* AIM OF THE TASK:
Take the lines below between the one holding "Pipeline stage: 3D box regression." and the one holding "Regress one box", inclusive, and copy them exactly. Add nothing.

* DATASET EXTRACT:

++++++++++

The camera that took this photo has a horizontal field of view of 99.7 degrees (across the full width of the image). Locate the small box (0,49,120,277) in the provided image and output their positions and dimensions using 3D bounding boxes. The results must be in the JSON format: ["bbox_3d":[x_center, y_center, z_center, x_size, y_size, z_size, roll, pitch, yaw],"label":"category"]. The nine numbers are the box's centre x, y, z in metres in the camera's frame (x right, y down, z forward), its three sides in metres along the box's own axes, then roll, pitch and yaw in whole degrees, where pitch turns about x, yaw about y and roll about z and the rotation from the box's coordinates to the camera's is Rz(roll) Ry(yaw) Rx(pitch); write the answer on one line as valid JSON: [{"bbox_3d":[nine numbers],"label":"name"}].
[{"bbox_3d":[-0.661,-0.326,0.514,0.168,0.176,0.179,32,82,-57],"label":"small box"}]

++++++++++

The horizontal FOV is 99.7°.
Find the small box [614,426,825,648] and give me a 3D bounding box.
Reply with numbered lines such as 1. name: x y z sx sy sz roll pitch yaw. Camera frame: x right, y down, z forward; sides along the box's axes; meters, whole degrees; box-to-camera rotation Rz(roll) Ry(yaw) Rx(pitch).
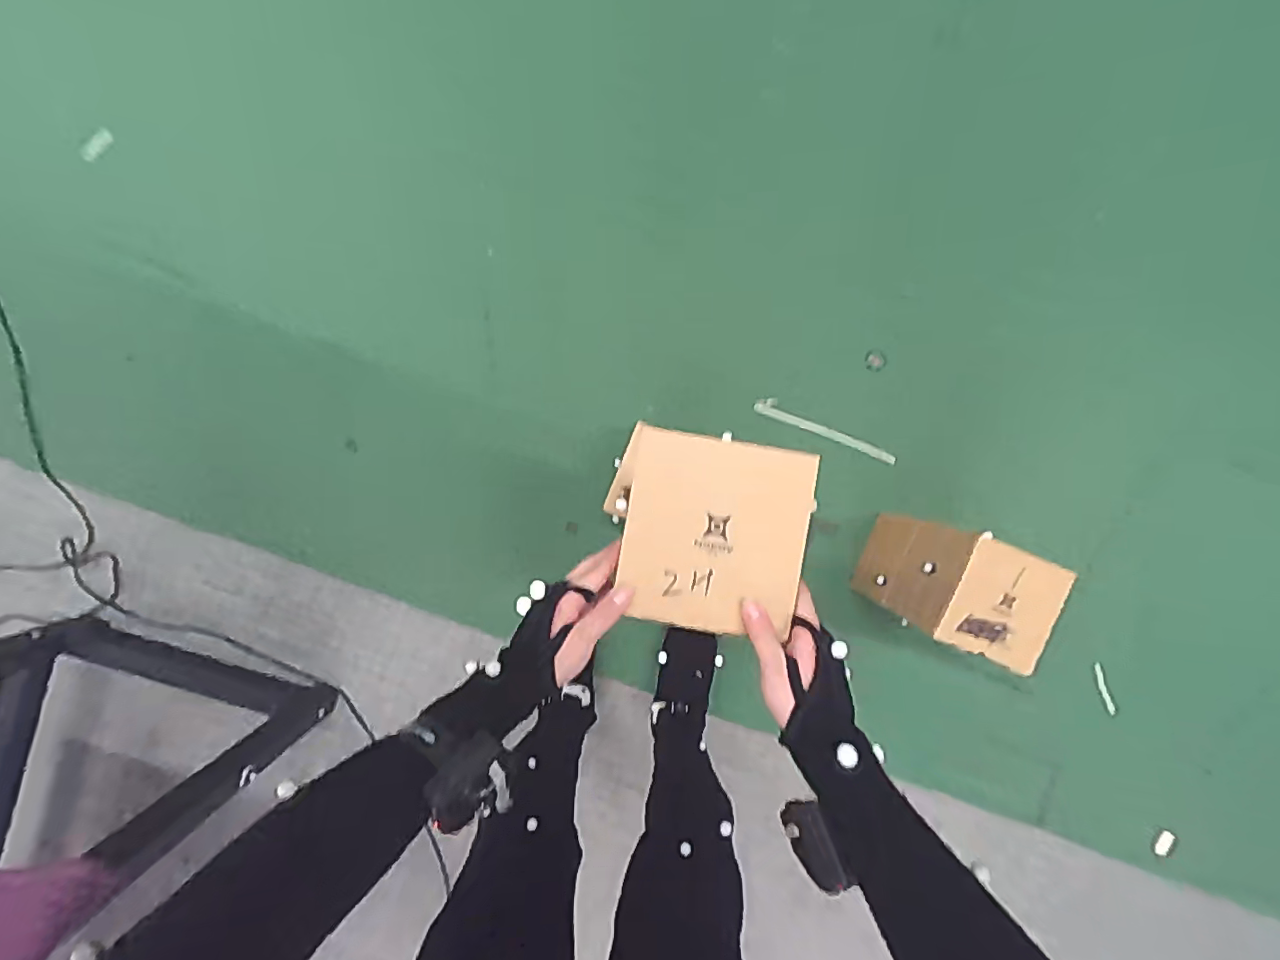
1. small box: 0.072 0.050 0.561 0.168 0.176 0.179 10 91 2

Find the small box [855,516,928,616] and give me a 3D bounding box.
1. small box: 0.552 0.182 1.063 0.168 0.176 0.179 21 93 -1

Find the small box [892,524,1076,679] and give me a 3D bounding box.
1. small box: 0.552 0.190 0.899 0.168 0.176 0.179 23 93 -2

++++++++++

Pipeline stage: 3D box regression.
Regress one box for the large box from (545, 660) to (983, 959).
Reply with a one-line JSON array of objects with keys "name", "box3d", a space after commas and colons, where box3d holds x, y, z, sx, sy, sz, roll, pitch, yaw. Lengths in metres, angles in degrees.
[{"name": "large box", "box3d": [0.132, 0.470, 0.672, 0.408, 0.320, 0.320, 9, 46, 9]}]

++++++++++

* ANSWER FOR THIS EXERCISE:
Pipeline stage: 3D box regression.
Regress one box for the large box from (545, 660) to (983, 959).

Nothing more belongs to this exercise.